La commission électorale coréenne a annoncé mardi qu’elle n’apportait ni « soutien officiel » ni aucune « garantie » à son homologue congolaise qui veut utiliser des « machines à voter » de fabrication coréenne pour les élections cruciales du 23 décembre en République démocratique du Congo.

« La commission électorale de la République de Corée du sud (NEC) a notifié à la Commission électorale nationale indépendante (Céni) de la République démocratique du Congo (…) qu’elle n’a apporté ni n’apportera aucun soutien officiel ni aucune garantie au projet d’introduire un système de vote par écran tactile (TVS) pour l’élection présidentielle en RDC prévue en décembre 2018 », a écrit la NEC dans un communiqué.

« La NEC a exprimé de sérieuses inquiétudes à propos de l’introduction obligatoire (de ces machines) en RDC malgré la situation politique instable et un environnement vulnérable, dont de faibles infrastructures électriques et l’état des routes, le fort taux d’illettrisme et le climat tropical qui peut conduire à un mauvais fonctionnement des machines ».

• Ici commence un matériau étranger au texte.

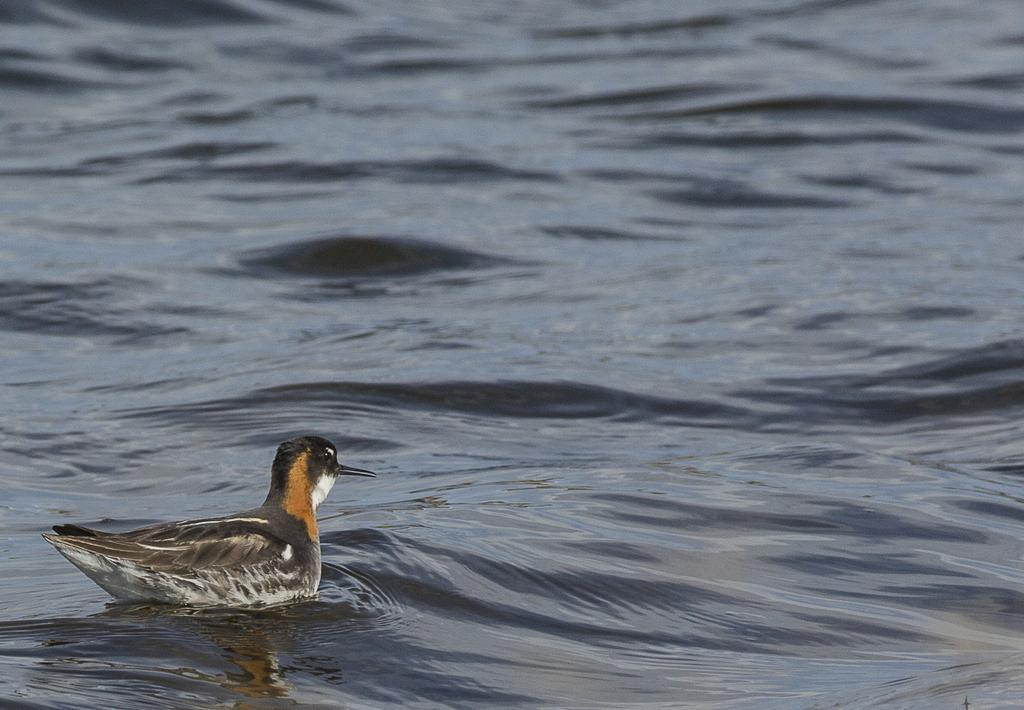What animal is present in the image? There is a duck in the image. Where is the duck located? The duck is in the water. What type of riddle does the woman solve using the net in the image? There is no woman or net present in the image, and therefore no such activity can be observed. 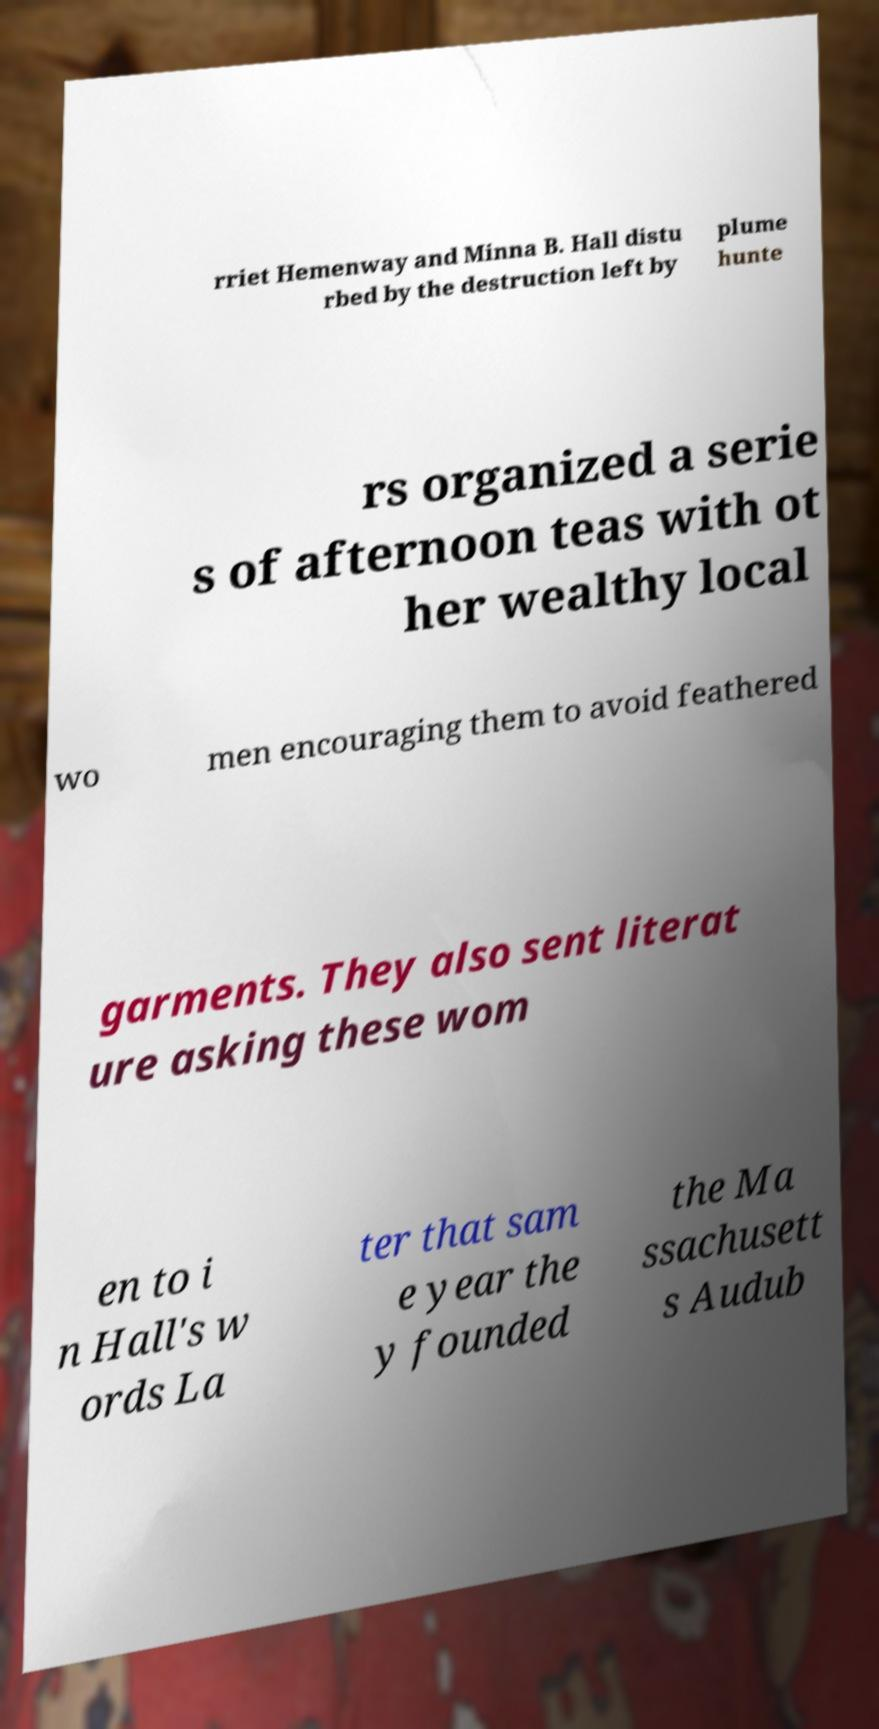Please identify and transcribe the text found in this image. rriet Hemenway and Minna B. Hall distu rbed by the destruction left by plume hunte rs organized a serie s of afternoon teas with ot her wealthy local wo men encouraging them to avoid feathered garments. They also sent literat ure asking these wom en to i n Hall's w ords La ter that sam e year the y founded the Ma ssachusett s Audub 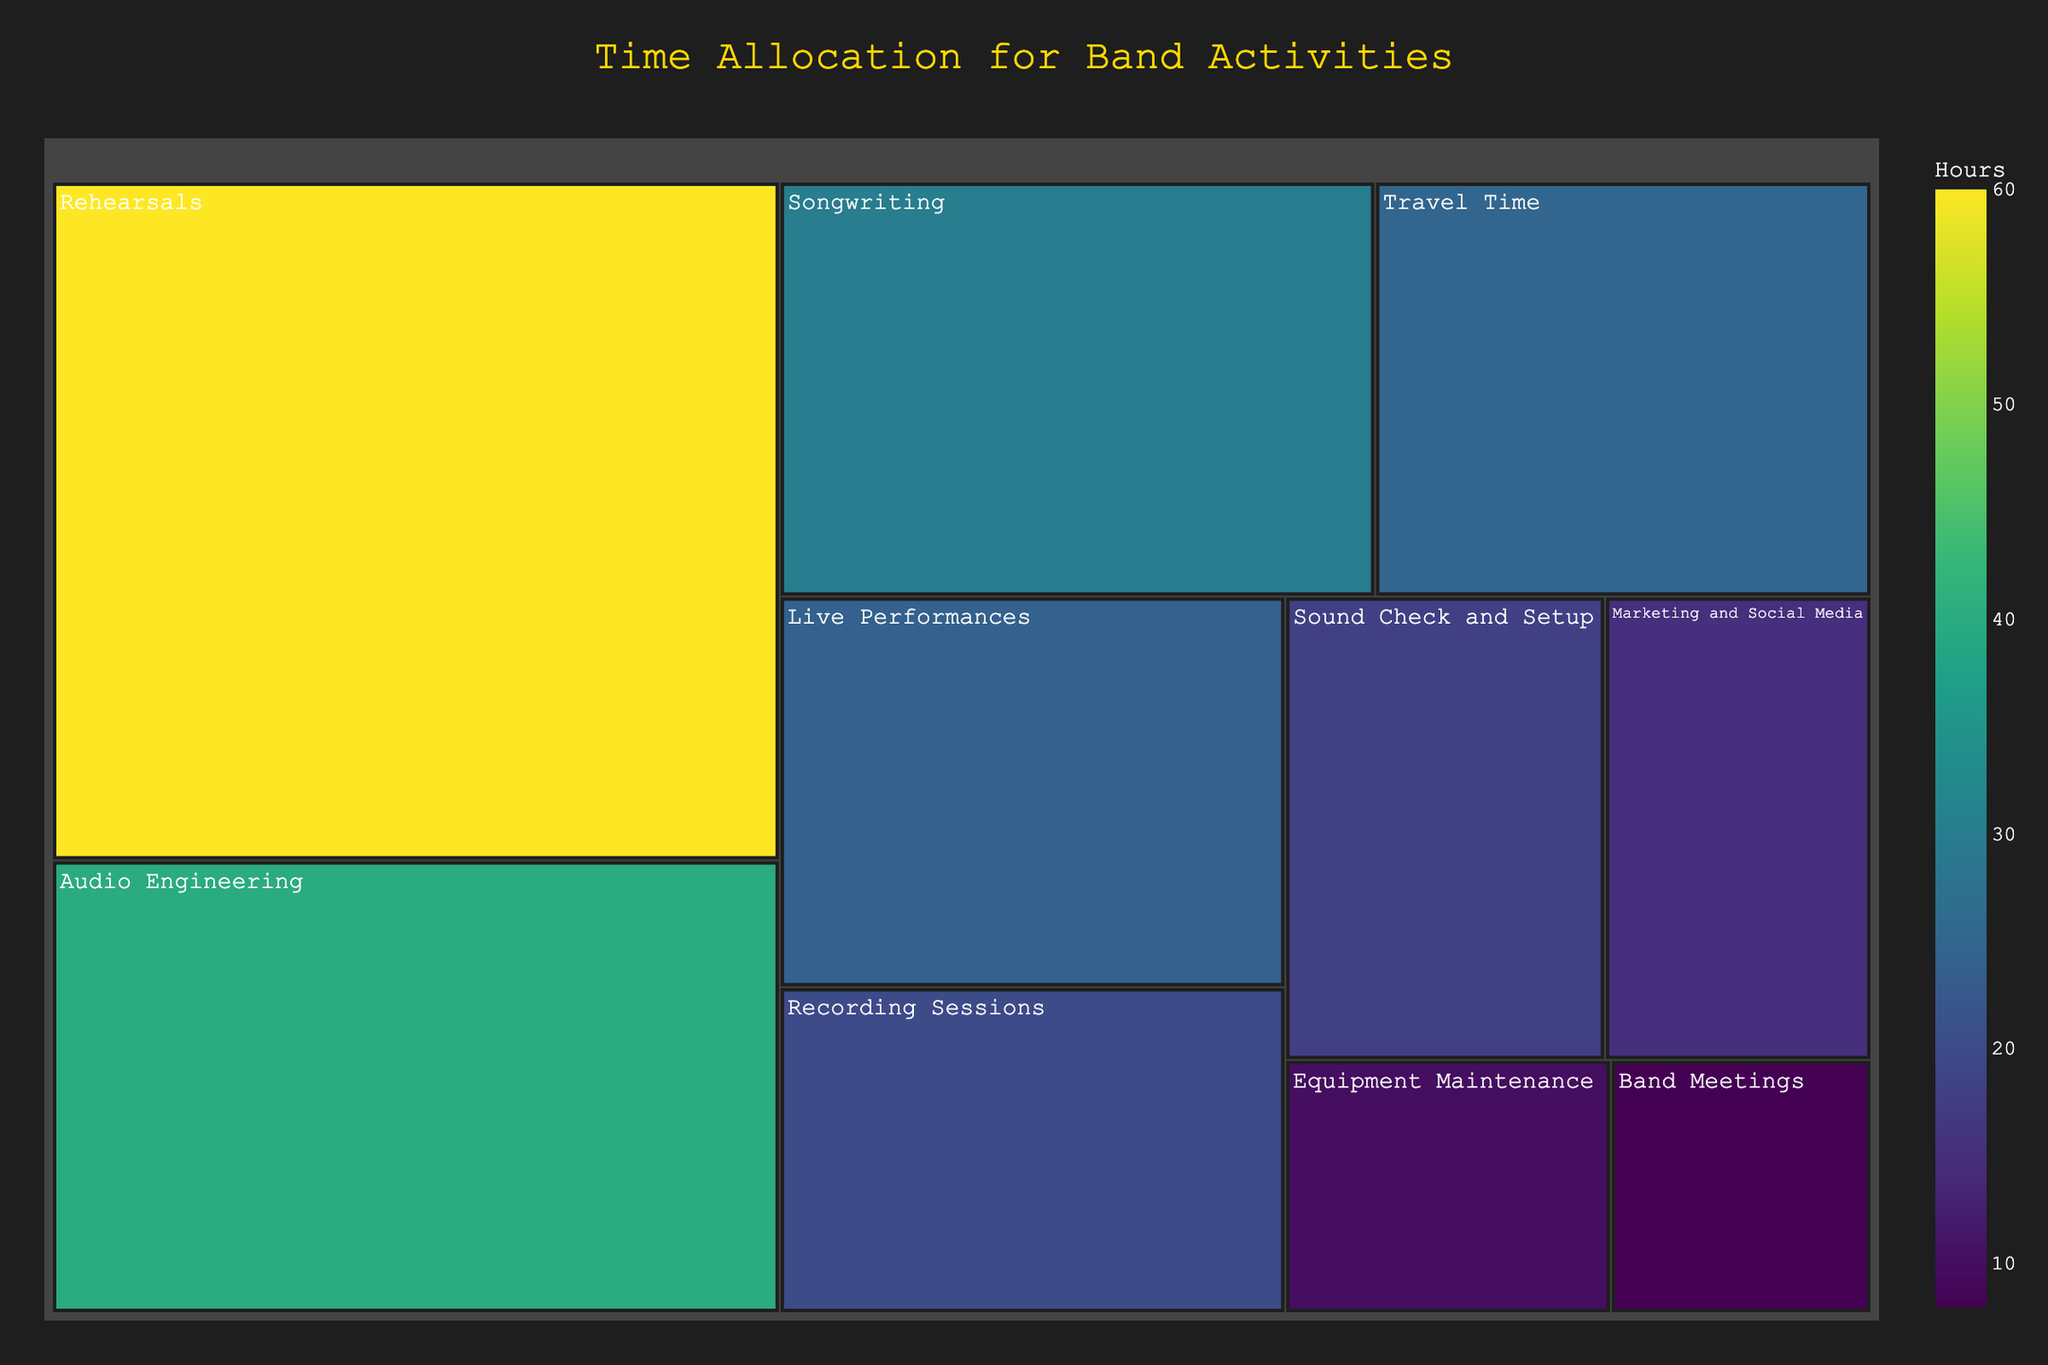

La NEC « est consciente que des diplomates, dont des officiels des États-Unis, tout comme de nombreuses personnes en RDC, redoutent que l’introduction (de ces machines) puisse augmenter les risques d’élections frauduleuses ».

La NEC soutient l’ambassadrice des Nations unies à l’ONU, Nikki Haley, et l’ambassade de Corée du Sud à Kinshasa, qui se sont opposés aux « machines à voter ».

La Céni a passé un contrat avec Miru System pour l’achat de ces « machines à voter » qui devraient réduire le coût et la logistique des élections.

Il s’agit en fait de « machines à choisir la photo des candidats sur un écran tactile et à imprimer les bulletins » qui doivent être glissés dans l’urne.

L’opposition parle de « machines à tricher ». Le Groupe d’études sur le Congo (GEC) de l’Université de New York a estimé lundi que les électeurs en zone rurale, peu familiers des nouvelles technologies, auront du mal à se servir de ces machines.

Plus de 40 millions d’électeurs sont inscrits pour désigner le successeur du président Joseph Kabila en décembre, deux ans après la fin officielle de son mandat, dans un pays immense (2,3 millions de km2) qui n’a jamais connu de transition pacifique du pouvoir.

Sans réagir, la Céni a indiqué mardi dans un communiqué qu’elle avait lancé « deux appels d’offres internationaux dont un pour l’audit du fichier électoral et l’autre pour la certification de la machine à voter ».

A propos du fichier électoral présenté vendredi, la Céni a également indiqué qu’elle avait porté plainte lundi auprès du parquet général contre les auteurs d’inscriptions multiples et irrégulières, après avoir radié plus de six millions d’électeurs.

Un des responsables de la Céni a déposé auprès du ministre de l’Intérieur l' »avant-projet de loi sur la répartition des sièges » pour les législatives et provinciales du 23 décembre. « Les deux chambres du Parlement sont à leur tour invités à s’y pencher du 14 au 23 avril 2018. Une promulgation par le chef de l’État est attendue pour le 8 mai 2018, conformément au calendrier électoral ».